After being disciplined, Quon sued the city on grounds that his Fourth Amendment rights had been violated. A district court agreed with him, but a jury found the chief’s actions reasonable since they were done to determine the policy limits of text messaging. As such, the court entered judgment for the city and against Quon. That was round one.
In round two, Quon appealed to the 9th U.S. Circuit Court of Appeals on grounds that the search of his text messages was “not reasonable in scope,” because the chief could have used less intrusive means. Quon’s Fourth Amendment rights were found to not be violated, and the city was said to have acted reasonably. Case closed.

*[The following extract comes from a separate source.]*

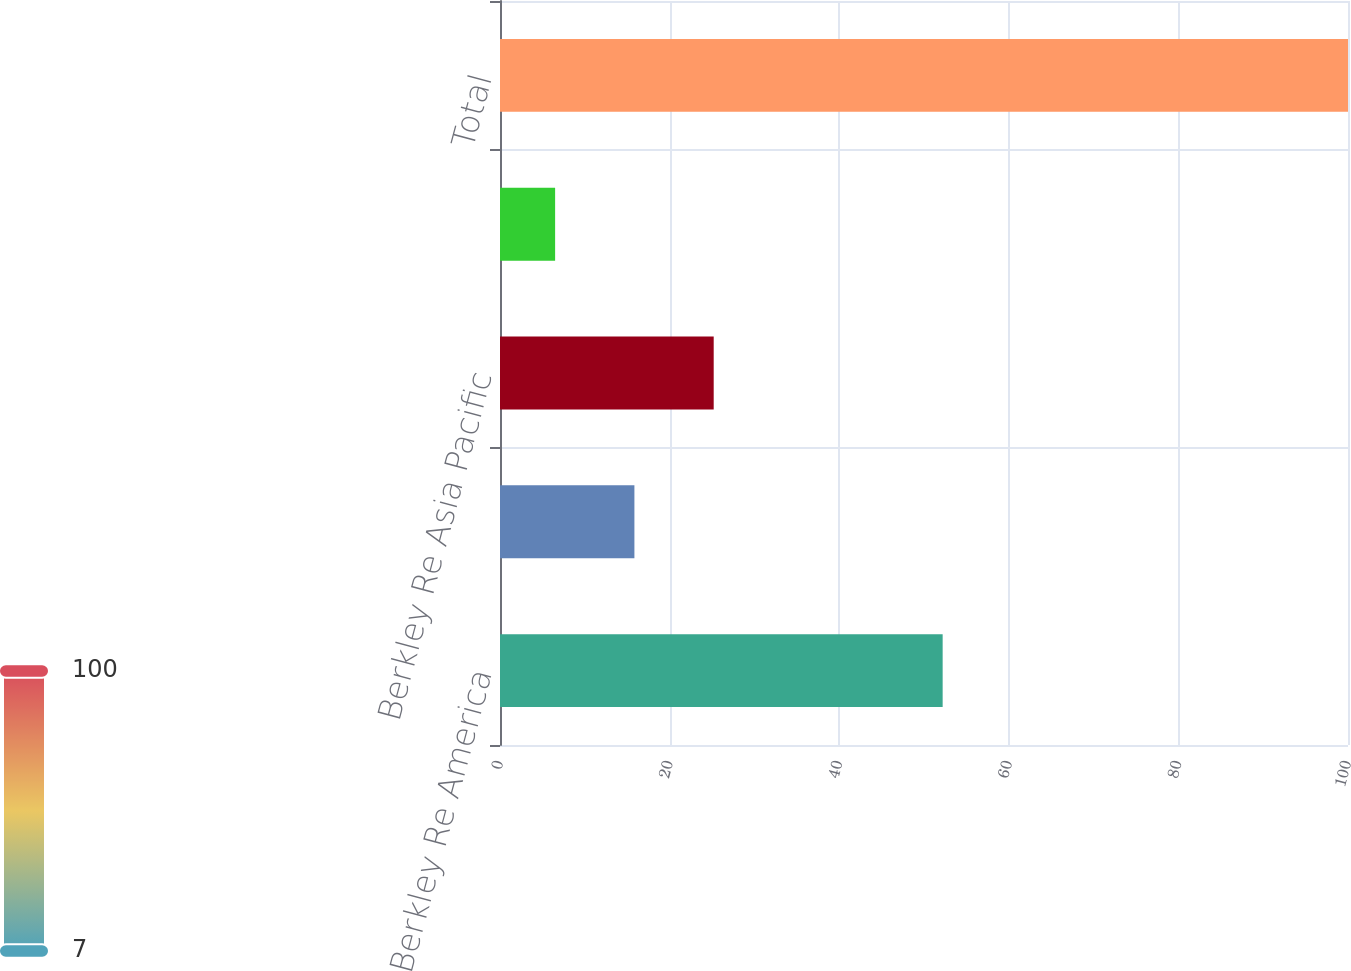<chart> <loc_0><loc_0><loc_500><loc_500><bar_chart><fcel>Berkley Re America<fcel>Berkley Re UK<fcel>Berkley Re Asia Pacific<fcel>Berkley Re Direct<fcel>Total<nl><fcel>52.2<fcel>15.85<fcel>25.2<fcel>6.5<fcel>100<nl></chart> 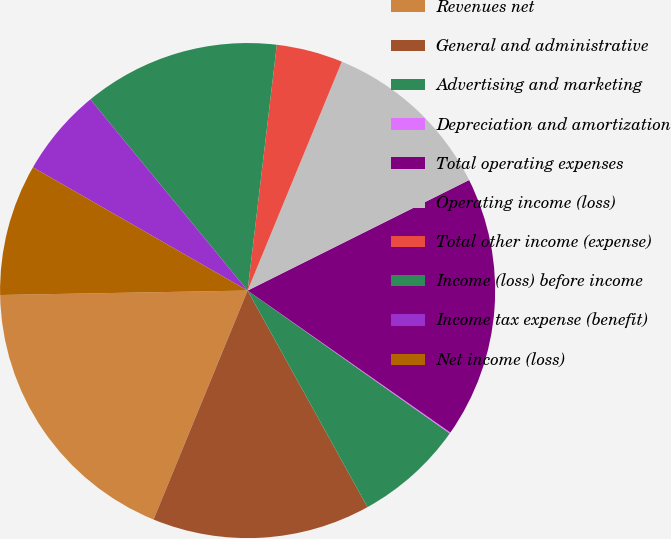Convert chart to OTSL. <chart><loc_0><loc_0><loc_500><loc_500><pie_chart><fcel>Revenues net<fcel>General and administrative<fcel>Advertising and marketing<fcel>Depreciation and amortization<fcel>Total operating expenses<fcel>Operating income (loss)<fcel>Total other income (expense)<fcel>Income (loss) before income<fcel>Income tax expense (benefit)<fcel>Net income (loss)<nl><fcel>18.51%<fcel>14.25%<fcel>7.16%<fcel>0.07%<fcel>17.09%<fcel>11.42%<fcel>4.33%<fcel>12.84%<fcel>5.75%<fcel>8.58%<nl></chart>

Kinda.
Many observers had hoped that the high court would take a strong position and provide clarity. Instead, they witnessed the court avoid the rare opportunity to directly address the complex issue, and pave the legal way for the future of privacy and digital media.
The only thing clear about this issue is that we haven’t heard the last word (legal or otherwise) on who “owns” information – users, employers, sponsors or any other party — when technology intersects privacy.